Write out the listing below exactly, beginning at its first line and ending with the line that contains "doc.units = ezdxf.units.M".
------ Data to process
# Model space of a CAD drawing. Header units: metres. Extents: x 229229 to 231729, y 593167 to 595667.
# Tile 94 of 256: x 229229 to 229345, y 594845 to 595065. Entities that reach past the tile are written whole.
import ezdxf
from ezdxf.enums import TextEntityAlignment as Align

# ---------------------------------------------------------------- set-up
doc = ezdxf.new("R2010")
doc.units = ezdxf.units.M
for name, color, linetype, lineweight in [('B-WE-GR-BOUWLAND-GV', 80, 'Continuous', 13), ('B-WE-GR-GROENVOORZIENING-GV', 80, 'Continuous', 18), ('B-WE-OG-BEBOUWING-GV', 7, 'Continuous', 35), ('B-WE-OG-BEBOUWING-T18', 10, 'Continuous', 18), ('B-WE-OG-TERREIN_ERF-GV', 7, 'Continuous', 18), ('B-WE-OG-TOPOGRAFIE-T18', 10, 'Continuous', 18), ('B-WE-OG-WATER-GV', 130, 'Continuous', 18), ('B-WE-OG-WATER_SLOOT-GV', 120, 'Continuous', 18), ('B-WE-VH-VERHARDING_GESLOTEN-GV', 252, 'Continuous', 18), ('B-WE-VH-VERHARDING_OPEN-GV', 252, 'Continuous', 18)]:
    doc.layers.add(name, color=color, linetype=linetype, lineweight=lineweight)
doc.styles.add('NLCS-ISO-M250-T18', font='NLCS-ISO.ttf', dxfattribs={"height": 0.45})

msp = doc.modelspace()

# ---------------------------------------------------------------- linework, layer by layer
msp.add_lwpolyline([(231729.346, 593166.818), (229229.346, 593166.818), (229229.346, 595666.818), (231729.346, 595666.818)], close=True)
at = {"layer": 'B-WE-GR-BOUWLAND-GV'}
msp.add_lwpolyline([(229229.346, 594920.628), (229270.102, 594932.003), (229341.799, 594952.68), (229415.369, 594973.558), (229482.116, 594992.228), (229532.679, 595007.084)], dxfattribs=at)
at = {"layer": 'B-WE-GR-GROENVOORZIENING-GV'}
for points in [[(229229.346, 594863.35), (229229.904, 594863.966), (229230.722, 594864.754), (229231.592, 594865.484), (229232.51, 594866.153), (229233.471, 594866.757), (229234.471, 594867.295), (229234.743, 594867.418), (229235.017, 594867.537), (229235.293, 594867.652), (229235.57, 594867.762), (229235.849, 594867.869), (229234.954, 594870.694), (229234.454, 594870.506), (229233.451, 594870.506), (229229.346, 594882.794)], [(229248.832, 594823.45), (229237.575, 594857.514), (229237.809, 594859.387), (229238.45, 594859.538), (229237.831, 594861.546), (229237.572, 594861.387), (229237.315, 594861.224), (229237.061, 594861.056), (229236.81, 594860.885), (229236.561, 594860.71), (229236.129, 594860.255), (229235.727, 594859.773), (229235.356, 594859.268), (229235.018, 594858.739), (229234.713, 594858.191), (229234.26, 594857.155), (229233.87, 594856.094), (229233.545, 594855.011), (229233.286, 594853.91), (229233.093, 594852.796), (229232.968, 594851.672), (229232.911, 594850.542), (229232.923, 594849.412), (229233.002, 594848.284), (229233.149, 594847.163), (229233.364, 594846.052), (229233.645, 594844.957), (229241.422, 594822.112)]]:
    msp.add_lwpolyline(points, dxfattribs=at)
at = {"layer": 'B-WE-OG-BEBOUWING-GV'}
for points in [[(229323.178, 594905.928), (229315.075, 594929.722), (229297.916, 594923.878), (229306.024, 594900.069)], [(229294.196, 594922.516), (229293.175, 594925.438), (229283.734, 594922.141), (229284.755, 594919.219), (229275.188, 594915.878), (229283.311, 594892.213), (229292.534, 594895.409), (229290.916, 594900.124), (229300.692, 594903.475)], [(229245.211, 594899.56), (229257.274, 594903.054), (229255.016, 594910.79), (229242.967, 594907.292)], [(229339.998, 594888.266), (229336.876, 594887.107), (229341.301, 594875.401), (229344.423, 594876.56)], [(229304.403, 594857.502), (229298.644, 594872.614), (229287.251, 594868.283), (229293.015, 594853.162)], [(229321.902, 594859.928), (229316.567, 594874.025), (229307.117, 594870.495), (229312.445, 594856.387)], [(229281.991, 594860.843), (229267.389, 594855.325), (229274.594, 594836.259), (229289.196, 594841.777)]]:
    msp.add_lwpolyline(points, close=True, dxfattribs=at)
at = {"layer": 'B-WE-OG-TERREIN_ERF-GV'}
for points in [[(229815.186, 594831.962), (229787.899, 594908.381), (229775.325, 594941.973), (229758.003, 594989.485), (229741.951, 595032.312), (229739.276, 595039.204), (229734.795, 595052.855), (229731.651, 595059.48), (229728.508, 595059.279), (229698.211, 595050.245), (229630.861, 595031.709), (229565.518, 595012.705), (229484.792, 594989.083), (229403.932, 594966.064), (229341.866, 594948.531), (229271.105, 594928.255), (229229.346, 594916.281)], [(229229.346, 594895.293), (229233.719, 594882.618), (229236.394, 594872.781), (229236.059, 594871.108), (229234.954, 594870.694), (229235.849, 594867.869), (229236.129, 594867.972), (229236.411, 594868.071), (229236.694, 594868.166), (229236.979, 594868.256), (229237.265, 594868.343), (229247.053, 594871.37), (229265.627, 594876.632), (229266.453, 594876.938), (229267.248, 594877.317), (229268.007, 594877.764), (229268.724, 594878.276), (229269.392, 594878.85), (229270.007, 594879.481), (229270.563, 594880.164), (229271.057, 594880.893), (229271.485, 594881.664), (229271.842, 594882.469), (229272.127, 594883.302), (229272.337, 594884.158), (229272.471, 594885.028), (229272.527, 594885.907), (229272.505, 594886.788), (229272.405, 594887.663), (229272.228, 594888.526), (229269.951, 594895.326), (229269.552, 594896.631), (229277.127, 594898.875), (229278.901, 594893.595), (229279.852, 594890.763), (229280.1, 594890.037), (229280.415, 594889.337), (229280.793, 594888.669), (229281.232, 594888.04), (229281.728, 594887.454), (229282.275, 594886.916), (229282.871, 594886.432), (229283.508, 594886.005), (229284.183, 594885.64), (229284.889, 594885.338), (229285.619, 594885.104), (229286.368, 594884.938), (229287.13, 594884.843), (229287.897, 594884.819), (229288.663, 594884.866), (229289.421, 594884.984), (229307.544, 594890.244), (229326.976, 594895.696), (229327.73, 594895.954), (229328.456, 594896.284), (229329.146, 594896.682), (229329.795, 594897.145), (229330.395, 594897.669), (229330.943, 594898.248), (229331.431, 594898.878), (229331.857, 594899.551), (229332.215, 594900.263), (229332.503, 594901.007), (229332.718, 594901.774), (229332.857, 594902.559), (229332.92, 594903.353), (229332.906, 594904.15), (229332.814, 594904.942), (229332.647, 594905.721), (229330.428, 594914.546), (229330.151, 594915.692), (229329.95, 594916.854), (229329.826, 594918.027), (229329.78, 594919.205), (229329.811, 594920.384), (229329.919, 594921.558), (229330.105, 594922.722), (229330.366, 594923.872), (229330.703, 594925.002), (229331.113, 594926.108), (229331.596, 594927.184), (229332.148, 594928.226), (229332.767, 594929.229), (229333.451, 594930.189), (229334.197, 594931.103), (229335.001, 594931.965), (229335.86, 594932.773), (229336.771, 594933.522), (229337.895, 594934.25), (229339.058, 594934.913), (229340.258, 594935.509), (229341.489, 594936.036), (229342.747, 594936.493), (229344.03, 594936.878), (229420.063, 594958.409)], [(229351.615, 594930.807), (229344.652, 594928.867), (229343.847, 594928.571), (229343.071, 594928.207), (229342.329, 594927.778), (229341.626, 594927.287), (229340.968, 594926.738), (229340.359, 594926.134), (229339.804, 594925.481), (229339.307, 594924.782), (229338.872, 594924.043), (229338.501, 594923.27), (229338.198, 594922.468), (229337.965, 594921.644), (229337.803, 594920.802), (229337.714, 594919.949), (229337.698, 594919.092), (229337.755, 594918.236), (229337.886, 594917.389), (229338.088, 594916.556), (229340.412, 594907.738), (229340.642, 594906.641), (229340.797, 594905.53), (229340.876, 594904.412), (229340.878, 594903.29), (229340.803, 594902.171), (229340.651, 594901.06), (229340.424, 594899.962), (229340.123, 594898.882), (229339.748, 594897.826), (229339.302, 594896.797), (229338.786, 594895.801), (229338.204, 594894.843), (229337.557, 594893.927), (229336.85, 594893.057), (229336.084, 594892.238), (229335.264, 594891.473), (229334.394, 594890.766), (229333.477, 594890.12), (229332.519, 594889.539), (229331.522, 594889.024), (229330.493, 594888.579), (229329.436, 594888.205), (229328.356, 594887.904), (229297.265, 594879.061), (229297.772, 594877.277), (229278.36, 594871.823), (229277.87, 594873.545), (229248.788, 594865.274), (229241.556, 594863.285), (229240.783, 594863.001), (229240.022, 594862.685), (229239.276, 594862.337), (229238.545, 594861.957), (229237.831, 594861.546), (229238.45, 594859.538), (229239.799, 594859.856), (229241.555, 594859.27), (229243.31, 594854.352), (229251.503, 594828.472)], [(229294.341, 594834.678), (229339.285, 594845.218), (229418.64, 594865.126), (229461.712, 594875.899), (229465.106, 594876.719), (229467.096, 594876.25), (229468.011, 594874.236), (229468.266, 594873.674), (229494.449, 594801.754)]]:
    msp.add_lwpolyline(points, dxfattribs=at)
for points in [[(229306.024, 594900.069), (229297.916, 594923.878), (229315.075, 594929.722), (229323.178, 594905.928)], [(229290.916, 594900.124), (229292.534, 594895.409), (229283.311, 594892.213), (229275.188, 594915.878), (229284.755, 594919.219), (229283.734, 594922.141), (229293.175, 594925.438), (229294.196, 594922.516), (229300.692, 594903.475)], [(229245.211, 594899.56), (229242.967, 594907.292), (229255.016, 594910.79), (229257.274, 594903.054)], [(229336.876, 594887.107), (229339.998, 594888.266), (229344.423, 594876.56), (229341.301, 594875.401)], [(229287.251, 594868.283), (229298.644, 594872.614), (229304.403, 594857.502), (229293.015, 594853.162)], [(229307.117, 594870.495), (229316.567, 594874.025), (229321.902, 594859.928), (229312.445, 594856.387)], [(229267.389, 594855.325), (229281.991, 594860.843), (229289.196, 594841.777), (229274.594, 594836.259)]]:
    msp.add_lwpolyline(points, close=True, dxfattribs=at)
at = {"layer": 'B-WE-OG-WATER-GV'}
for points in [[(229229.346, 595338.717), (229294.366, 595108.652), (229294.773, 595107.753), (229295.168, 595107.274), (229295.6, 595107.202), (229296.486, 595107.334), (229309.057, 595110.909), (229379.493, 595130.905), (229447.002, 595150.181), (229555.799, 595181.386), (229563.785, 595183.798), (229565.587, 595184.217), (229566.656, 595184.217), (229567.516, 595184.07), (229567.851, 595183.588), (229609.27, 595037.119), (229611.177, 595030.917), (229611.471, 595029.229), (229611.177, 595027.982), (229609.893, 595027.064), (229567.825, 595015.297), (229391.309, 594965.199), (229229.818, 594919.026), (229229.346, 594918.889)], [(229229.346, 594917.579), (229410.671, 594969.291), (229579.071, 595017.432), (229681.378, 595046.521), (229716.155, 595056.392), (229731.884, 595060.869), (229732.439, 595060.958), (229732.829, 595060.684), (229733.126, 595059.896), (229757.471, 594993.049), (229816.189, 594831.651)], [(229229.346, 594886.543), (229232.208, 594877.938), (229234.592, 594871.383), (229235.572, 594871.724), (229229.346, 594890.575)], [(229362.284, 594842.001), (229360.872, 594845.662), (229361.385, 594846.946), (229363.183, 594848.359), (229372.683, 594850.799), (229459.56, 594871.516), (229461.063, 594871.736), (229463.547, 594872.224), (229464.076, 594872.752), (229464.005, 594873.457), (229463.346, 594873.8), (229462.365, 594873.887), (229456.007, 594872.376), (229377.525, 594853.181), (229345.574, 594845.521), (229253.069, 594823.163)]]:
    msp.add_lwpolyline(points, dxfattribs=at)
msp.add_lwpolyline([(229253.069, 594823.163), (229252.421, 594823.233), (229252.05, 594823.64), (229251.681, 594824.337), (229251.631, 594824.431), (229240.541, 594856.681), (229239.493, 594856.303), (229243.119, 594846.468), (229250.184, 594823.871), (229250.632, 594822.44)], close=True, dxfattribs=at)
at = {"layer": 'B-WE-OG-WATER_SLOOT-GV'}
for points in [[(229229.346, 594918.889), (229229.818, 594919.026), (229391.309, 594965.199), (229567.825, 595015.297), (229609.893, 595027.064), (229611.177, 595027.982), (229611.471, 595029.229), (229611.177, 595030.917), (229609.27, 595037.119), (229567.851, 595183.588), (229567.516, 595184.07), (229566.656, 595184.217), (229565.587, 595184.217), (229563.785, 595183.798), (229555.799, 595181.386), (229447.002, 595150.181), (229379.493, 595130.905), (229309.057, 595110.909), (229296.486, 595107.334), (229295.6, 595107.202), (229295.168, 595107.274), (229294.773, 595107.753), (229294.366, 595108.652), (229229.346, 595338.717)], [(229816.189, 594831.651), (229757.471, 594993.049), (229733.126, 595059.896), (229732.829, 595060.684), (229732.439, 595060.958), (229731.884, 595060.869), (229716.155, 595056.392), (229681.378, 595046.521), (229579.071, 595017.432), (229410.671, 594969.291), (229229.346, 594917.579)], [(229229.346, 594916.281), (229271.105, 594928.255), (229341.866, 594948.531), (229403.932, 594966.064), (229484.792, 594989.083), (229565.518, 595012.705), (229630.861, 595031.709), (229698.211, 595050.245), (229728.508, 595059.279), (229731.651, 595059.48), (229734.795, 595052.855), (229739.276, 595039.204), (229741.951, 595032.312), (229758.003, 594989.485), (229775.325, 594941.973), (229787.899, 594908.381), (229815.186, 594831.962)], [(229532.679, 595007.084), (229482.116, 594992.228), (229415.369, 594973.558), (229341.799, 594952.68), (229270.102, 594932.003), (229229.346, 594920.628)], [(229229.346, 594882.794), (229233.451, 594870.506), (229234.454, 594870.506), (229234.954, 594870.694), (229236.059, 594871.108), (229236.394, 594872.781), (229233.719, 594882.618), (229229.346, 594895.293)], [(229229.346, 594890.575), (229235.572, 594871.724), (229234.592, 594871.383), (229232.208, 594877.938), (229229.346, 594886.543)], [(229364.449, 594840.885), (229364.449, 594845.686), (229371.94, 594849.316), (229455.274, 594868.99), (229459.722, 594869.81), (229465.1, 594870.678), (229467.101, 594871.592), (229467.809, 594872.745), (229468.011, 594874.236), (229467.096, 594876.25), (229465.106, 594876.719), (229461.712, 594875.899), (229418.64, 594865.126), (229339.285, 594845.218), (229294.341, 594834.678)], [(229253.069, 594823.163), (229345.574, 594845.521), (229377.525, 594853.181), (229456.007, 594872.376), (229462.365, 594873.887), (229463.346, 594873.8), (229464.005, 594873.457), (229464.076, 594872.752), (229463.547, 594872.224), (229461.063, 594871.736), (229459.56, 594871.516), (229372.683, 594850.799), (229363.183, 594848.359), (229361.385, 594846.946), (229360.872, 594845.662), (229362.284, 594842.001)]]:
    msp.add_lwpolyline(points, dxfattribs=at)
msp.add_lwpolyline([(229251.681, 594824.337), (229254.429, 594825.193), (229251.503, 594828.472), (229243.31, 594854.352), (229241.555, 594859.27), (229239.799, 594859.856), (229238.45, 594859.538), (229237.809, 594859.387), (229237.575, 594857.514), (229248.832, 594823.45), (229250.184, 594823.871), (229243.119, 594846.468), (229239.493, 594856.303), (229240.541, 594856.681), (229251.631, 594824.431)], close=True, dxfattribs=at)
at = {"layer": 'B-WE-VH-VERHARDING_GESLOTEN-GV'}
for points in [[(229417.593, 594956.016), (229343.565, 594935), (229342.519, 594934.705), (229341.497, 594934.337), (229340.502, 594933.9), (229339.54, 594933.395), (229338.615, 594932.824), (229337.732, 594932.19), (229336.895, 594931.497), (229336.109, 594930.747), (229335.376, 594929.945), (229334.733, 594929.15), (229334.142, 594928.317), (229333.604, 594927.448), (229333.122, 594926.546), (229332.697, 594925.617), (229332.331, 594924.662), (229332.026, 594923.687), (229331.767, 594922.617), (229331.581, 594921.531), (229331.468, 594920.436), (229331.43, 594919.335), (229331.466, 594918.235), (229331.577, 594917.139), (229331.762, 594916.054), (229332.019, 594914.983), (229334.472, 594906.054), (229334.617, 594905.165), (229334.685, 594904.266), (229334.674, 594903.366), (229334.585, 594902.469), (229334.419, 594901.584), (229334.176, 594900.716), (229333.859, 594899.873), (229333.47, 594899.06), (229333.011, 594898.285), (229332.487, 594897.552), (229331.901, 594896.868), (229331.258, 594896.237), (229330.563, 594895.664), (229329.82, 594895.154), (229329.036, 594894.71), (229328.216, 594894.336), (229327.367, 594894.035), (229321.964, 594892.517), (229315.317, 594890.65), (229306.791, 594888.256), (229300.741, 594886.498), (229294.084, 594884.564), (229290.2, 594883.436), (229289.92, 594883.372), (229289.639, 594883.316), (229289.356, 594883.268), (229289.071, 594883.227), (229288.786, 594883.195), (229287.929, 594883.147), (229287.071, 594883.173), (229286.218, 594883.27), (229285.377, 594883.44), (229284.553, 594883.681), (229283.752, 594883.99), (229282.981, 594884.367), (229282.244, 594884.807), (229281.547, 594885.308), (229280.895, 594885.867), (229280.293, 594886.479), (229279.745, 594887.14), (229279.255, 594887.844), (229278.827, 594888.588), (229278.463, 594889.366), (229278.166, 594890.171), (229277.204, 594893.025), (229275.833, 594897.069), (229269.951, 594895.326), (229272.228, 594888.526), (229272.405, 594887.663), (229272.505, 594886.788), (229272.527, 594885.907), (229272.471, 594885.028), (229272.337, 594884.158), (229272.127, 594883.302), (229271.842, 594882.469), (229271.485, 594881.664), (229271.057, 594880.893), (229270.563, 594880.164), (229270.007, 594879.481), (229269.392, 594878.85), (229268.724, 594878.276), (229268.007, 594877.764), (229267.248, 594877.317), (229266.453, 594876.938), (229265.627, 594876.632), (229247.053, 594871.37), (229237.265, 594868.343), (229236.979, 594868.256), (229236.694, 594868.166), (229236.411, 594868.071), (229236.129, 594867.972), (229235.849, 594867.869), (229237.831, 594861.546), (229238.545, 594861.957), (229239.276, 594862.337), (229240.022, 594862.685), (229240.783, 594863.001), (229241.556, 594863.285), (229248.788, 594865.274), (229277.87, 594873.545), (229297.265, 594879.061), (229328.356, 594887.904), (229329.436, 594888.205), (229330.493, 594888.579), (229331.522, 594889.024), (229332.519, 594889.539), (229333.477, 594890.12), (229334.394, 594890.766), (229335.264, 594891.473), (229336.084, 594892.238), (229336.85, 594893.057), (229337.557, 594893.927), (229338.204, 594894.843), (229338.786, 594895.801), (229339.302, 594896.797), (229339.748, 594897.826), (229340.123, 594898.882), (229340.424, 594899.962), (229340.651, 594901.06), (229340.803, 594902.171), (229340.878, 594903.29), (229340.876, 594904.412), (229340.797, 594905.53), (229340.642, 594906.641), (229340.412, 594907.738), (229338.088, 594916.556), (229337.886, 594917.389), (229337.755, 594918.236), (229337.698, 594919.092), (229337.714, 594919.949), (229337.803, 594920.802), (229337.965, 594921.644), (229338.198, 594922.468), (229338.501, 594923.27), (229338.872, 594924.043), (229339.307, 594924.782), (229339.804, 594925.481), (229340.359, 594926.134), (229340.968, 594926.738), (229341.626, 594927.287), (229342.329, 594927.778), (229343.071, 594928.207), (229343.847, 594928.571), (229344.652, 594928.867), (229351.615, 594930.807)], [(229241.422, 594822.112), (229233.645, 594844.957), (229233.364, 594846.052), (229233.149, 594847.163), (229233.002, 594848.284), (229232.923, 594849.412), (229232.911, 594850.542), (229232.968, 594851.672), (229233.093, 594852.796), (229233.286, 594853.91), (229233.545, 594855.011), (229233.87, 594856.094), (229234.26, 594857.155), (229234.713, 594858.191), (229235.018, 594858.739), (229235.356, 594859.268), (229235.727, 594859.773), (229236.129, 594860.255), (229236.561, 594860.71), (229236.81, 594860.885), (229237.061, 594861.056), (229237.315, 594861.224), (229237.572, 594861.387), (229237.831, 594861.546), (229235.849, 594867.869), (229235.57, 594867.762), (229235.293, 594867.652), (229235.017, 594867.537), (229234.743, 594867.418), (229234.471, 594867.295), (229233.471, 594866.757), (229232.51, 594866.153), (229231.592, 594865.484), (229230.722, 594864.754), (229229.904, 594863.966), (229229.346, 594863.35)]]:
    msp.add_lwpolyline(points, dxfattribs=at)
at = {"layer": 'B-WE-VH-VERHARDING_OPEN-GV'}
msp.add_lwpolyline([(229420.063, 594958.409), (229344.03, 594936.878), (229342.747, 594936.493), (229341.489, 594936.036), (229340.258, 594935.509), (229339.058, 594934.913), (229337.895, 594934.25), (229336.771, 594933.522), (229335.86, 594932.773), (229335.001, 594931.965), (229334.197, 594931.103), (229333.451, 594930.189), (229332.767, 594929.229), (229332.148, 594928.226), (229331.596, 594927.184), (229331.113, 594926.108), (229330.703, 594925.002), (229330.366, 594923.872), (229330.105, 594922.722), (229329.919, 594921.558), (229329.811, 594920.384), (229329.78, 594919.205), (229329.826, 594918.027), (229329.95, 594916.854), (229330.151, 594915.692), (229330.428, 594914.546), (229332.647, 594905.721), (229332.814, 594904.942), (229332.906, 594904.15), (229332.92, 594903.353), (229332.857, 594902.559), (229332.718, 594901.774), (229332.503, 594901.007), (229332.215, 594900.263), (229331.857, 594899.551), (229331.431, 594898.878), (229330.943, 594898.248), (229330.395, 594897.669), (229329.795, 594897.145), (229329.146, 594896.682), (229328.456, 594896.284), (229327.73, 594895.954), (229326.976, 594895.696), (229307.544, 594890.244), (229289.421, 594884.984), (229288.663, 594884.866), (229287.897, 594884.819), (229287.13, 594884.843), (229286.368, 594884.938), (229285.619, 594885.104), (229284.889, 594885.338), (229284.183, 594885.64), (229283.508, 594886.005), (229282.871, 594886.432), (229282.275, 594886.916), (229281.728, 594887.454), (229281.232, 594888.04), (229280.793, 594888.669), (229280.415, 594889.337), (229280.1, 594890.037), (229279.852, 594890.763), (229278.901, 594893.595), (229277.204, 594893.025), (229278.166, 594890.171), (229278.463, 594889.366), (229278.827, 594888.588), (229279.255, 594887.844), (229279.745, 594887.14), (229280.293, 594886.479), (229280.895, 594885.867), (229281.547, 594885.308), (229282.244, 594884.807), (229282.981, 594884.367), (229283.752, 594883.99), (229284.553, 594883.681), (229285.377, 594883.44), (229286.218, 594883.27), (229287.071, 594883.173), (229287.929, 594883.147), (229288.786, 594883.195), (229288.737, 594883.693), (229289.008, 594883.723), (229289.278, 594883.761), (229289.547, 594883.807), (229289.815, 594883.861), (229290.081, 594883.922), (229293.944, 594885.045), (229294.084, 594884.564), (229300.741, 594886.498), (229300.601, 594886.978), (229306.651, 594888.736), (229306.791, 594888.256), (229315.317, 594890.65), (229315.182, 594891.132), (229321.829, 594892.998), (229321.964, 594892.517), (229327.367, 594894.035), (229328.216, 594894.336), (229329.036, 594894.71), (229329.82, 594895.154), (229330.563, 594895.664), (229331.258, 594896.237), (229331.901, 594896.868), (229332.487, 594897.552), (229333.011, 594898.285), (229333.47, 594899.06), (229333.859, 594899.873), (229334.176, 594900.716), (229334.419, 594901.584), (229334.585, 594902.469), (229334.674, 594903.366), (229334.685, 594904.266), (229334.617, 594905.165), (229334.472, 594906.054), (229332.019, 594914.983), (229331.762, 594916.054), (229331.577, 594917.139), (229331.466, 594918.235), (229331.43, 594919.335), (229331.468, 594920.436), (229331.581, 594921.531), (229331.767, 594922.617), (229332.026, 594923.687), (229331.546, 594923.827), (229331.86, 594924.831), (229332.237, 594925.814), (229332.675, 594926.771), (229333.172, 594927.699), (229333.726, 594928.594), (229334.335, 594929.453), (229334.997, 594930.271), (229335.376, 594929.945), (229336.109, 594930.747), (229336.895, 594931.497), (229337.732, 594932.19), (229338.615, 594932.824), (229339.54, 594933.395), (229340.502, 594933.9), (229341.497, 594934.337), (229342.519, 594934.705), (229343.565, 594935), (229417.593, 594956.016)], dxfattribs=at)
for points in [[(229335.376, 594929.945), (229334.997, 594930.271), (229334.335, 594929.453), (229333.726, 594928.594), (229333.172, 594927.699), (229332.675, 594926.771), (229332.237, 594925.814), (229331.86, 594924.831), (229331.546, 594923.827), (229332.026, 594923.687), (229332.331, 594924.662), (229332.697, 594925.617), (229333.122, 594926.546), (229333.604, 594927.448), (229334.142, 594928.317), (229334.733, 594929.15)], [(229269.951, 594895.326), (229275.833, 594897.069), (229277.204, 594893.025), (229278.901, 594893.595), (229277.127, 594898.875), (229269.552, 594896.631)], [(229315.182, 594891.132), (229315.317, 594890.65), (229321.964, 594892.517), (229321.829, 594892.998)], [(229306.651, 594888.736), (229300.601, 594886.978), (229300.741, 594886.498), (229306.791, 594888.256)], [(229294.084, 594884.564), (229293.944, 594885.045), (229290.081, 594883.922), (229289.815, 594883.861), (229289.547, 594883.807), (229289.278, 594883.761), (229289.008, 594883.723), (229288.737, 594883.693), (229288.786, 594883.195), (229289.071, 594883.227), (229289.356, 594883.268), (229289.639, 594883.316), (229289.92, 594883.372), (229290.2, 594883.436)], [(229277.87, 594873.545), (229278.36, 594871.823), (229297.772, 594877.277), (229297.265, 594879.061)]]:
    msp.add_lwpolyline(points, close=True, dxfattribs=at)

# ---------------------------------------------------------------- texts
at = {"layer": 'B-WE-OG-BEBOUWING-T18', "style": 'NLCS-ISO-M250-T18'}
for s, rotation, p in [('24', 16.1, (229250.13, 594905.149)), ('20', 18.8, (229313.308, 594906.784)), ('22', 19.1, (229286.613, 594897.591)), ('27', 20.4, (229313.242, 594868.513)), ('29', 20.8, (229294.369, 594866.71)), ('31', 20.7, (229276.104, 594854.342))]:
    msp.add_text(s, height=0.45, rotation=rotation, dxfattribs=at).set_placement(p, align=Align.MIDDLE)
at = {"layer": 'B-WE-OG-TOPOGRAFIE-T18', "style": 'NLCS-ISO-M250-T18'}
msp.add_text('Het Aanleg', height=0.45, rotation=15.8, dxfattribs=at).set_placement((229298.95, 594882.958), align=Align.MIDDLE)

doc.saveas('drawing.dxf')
------------
__The completed task__.
# Model space of a CAD drawing. Header units: metres. Extents: x 229229 to 231729, y 593167 to 595667.
# Tile 94 of 256: x 229229 to 229345, y 594845 to 595065. Entities that reach past the tile are written whole.
import ezdxf
from ezdxf.enums import TextEntityAlignment as Align

# ---------------------------------------------------------------- set-up
doc = ezdxf.new("R2010")
doc.units = ezdxf.units.M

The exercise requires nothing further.